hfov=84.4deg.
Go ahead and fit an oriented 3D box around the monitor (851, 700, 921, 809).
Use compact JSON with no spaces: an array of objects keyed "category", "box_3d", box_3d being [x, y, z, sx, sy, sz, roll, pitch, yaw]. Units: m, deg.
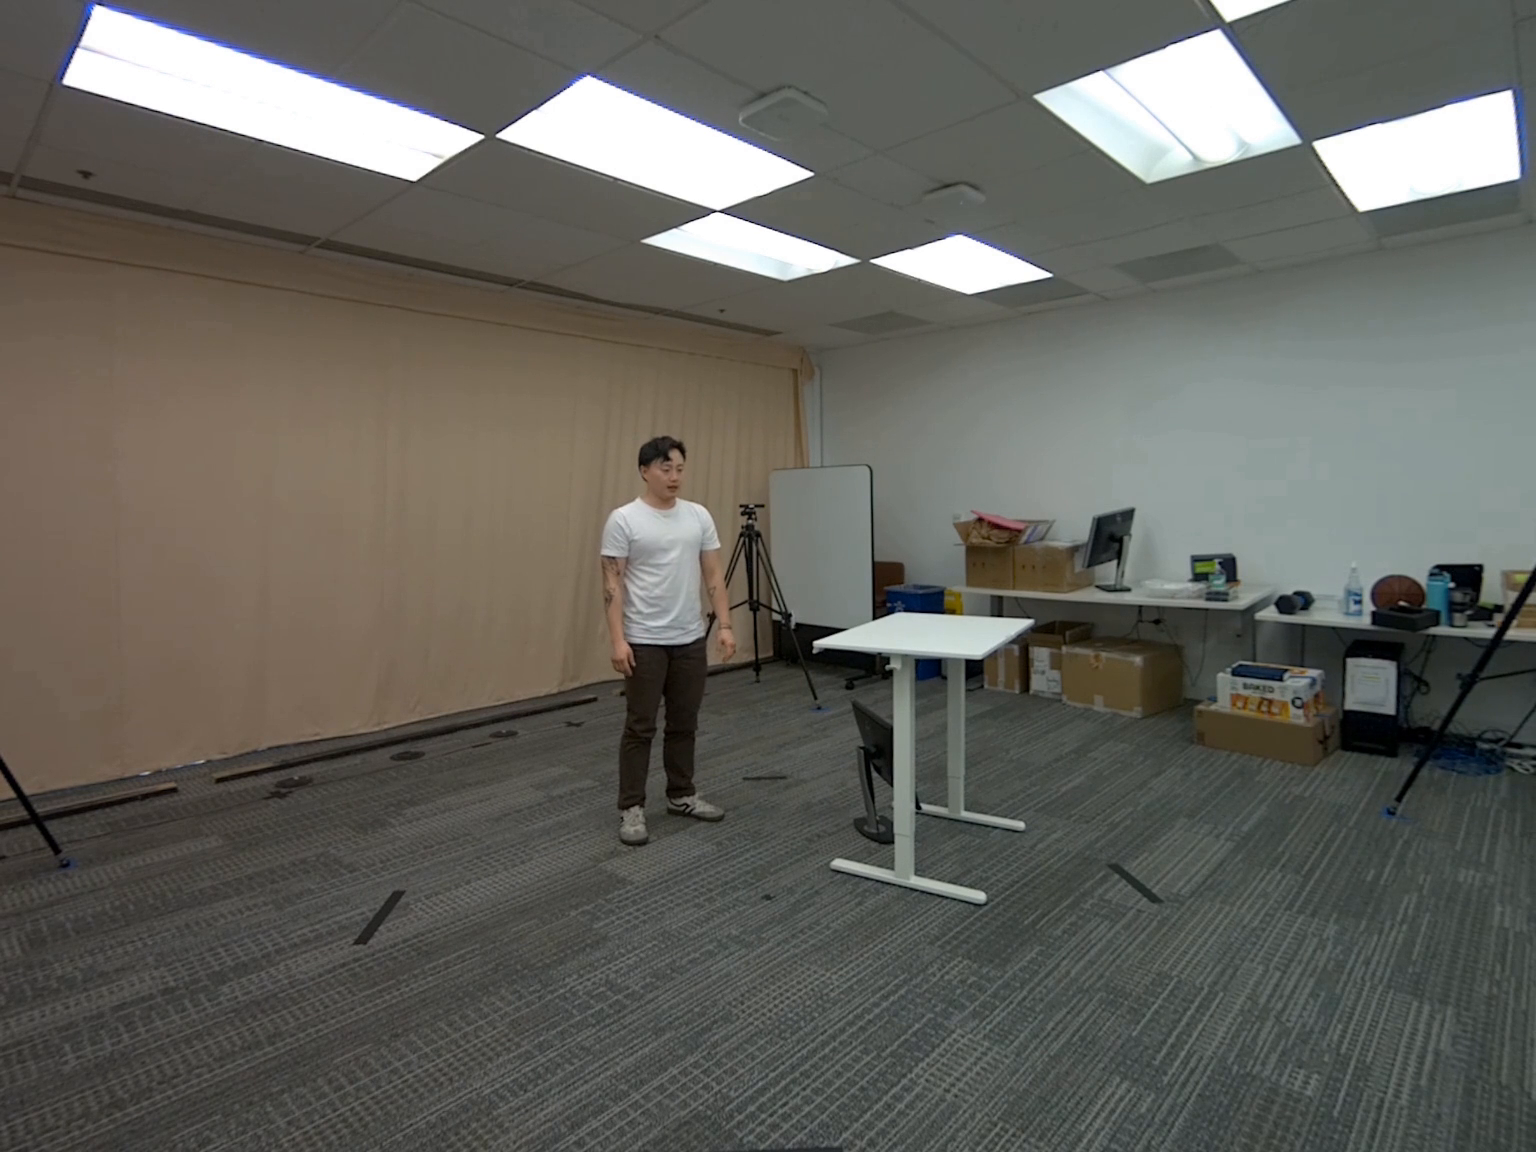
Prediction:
[{"category":"monitor","box_3d":[0.468,0.828,3.555,0.185,0.521,0.548,-3,5,-14]}]

----------

Requirement: What is needed is a word-for-word copy of the records above, from the first line through the line that contains "Use compact JSON".

Answer box:
hfov=84.4deg.
Go ahead and fit an oriented 3D box around the monitor (851, 700, 921, 809).
Use compact JSON with no spaces: an array of objects keyed "category", "box_3d", box_3d being [x, y, z, sx, sy, sz, roll, pitch, yaw]. Units: m, deg.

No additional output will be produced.